Note: If you want to learn more about the metrics that caret outputs, read the documentation by entering ?caret::confusionMatrix in the Console.

Varying the probability threshold: for-loops
Here, you’ll explore how to write a for-loop to evaluate a logistic regression model at many probability thresholds.
Step through the code and comments (comments start with a # pound sign) to understand some general features about looping operations in R. If you ever want to look up the documentation for a function, you can enter ?function_name in the Console.
Also fill in the ???’s in the code.

# Obtain the actual observed vertebral classes from the data
actual_classes <- vert$class
# Obtain the predicted probability of vertebral irregularity (Y=1 event)
# type="response" converts log odds, to odds, and finally to a probability
pred_probs <- predict(vert_mod$finalModel, newdata = vert, type = "response")

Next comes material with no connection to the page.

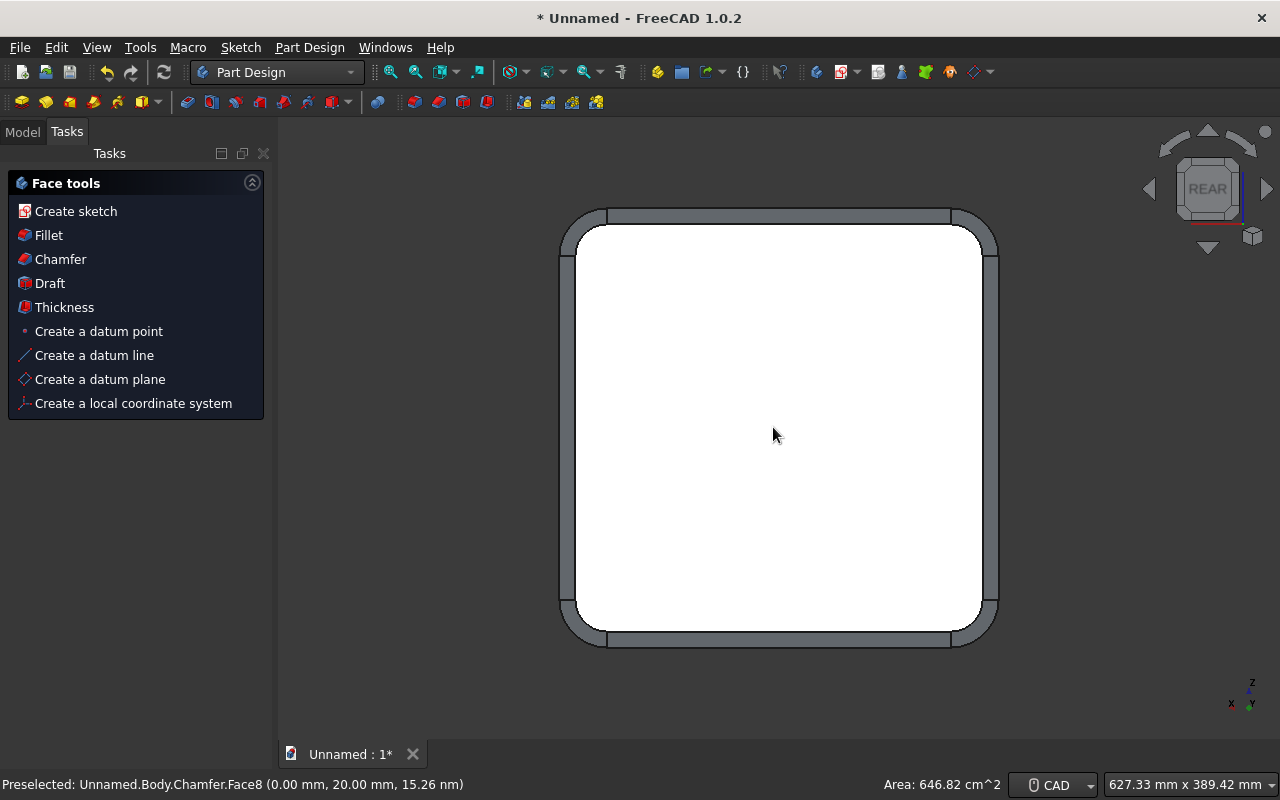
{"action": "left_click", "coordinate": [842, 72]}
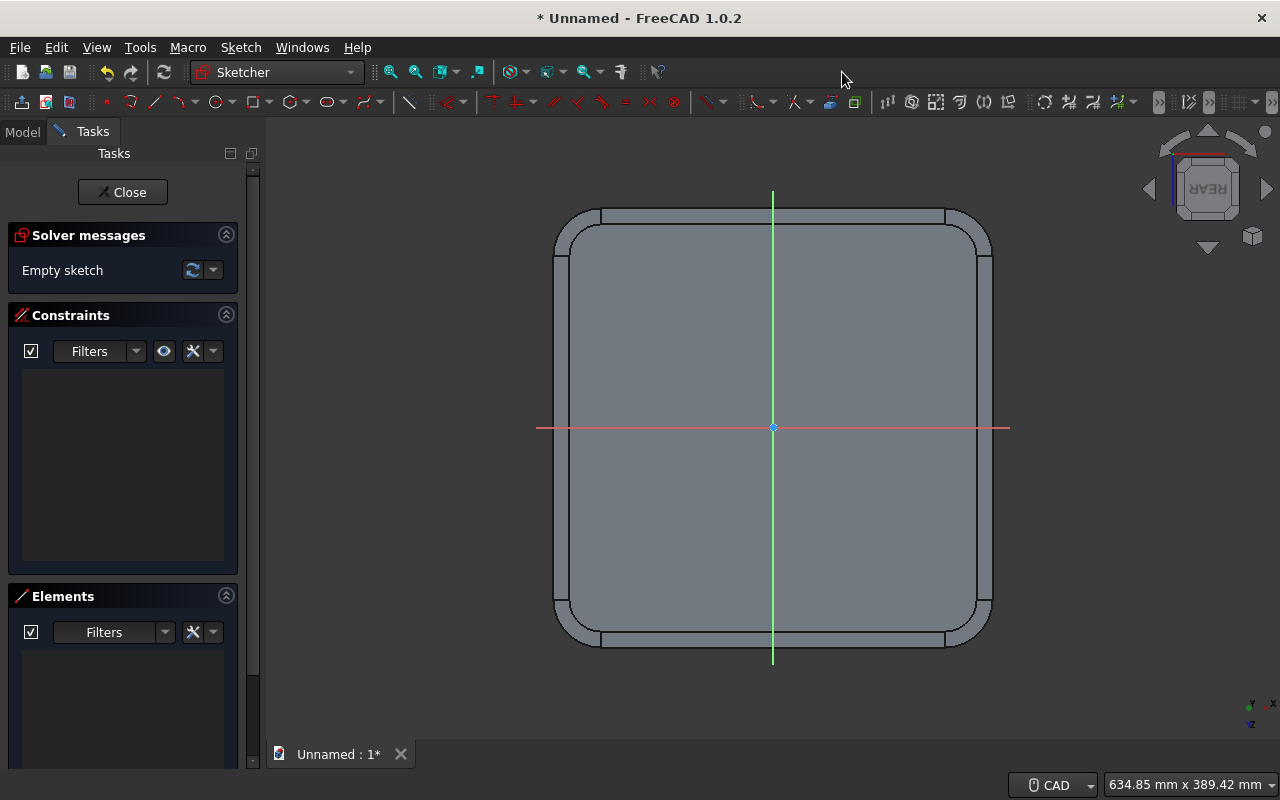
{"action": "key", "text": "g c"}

# Create a regularly-spaced sequence of probability thresholds
prob_threshs <- seq(0, 1, by = 0.01)

# Create empty vectors to store the sensitivity and specificity
# for all values of the probability thresholds
sens_vec <- rep(0, length(prob_threshs))
spec_vec <- rep(0, length(prob_threshs))

# Loop over all of the thresholds
# seq_along() makes a sequence 1,2,...,length of prob_threshs
# In each iteration of the loop, the variable i takes these integer values
for (i in seq_along(prob_threshs)) {
    # Get the probability threshold for this iteration
    thresh <- prob_threshs[i]
    # If the predicted prob > threshold, predict "1".
    # Otherwise, predict "0".
    hard_preds <- ifelse(pred_probs > thresh, "1", "0")
    # Create boolean TRUE/FALSE vectors indicating whether the
    # prediction for each case is a TP, TN, FP, FN.
    is_tp <- hard_preds=="1" & actual_classes=="1"
    is_tn <- ???
    is_fp <- ???
    is_fn <- ???
    # Calculate sensitivity and specificity
    # Hint: sum(is_tp) gives the number of TPs
    sensitivity <- ???
    specificity <- ???
    # Store sensitivity specificity in their containers
    sens_vec[i] <- sensitivity
    ???
}

ROC curves and AUC
1. An ROC curve plots sensitivity on the y-axis versus 1-specificity on the x-axis. In this way, the y=x line provides a convenient reference for a random guessing classifier (flips a coin to make the classification).
```
plot(1-spec_vec, sens_vec)
abline(a = 0, b = 1, col = "gray")
```
2. What would the ROC curve look like for a model that is uniformly better for every probability threshold? For a model that is uniformly worse for each threshold?
3. What if ROC curves cross each other? A convenient way to quantify differences between models is with the area under the ROC curve, called AUC. The code below shows how you would compute AUC by hand.
```
roc_fun <- approxfun(x = 1-spec_vec, y = sens_vec)
integrate(roc_fun, lower = 0, upper = 1)
```
  What is the AUC for a perfect classifier? For the random guessing classifier?

You might imagine that there is an R package for making ROC curves and calculating AUC. There is! You will explore the pROC package in your homework.